El golpe de Estado en Sudán es el segundo que vive el país africano desde abril de 2019, cuando el Ejército derrocó a Omar al Bashir, el hombre que concentró el poder durante 30 años, por la presión de un movimiento de protestas inédito y voluminoso, que posteriormente los forzaría a compartir el mando de la transición con los civiles. Pero esa convivencia sobrevivió hasta el lunes.
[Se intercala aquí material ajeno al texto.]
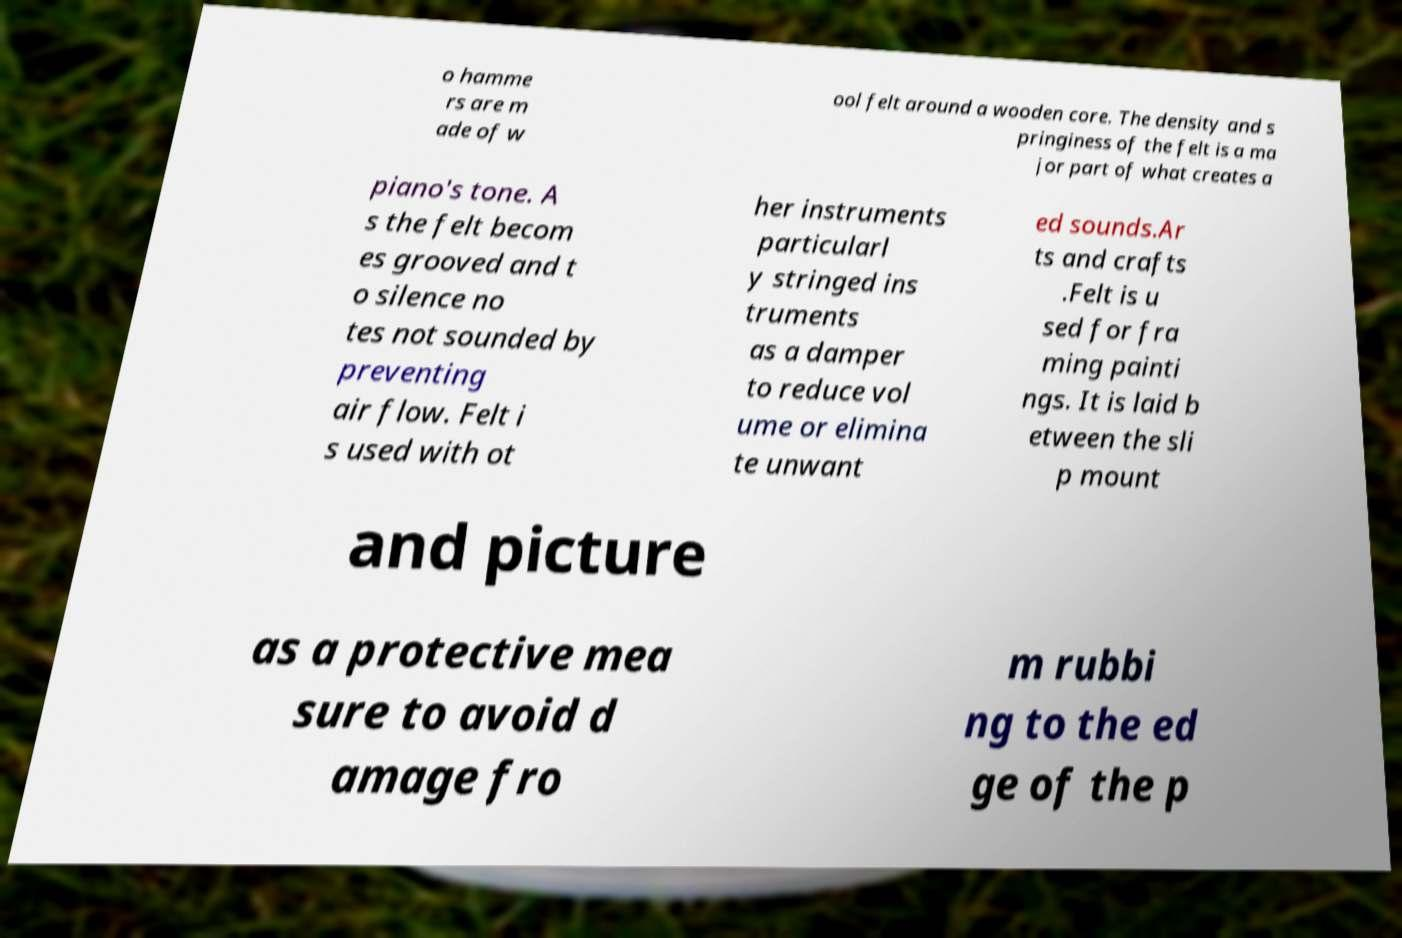What messages or text are displayed in this image? I need them in a readable, typed format. o hamme rs are m ade of w ool felt around a wooden core. The density and s pringiness of the felt is a ma jor part of what creates a piano's tone. A s the felt becom es grooved and t o silence no tes not sounded by preventing air flow. Felt i s used with ot her instruments particularl y stringed ins truments as a damper to reduce vol ume or elimina te unwant ed sounds.Ar ts and crafts .Felt is u sed for fra ming painti ngs. It is laid b etween the sli p mount and picture as a protective mea sure to avoid d amage fro m rubbi ng to the ed ge of the p

El golpe fue de manual: por la mañana, los militares tomaron la radio y la televisión públicas para anunciar el fin del gobierno de transición, decretaron el estado de emergencia, cortaron el acceso a Internet y detuvieron al primer ministro Abdallah Hamdok, un antiguo funcionario de la ONU y la garantía de la nueva etapa que se preanunciaba para Sudán en el exterior. En pocas semanas, el general Abdelfatah al Burhan, jefe de las Fuerzas Armadas, debía entregar la presidencia del Consejo Soberano, el órgano encargado de conducir la transición, a un hombre ajeno a las armas.


Pese a la represión en la capital, Jartum, y en otras ciudades, la Asociación de Profesionales, que nuclea a sindicatos de varias ramas, desplegó una campaña de desobediencia civil. La sociedad sudanesa nunca confió en la junta militar que había consentido la caída de Bashir, pero no podía prescindir de ella en el intento por superar una historia de guerras civiles y un presente de inestabilidad política.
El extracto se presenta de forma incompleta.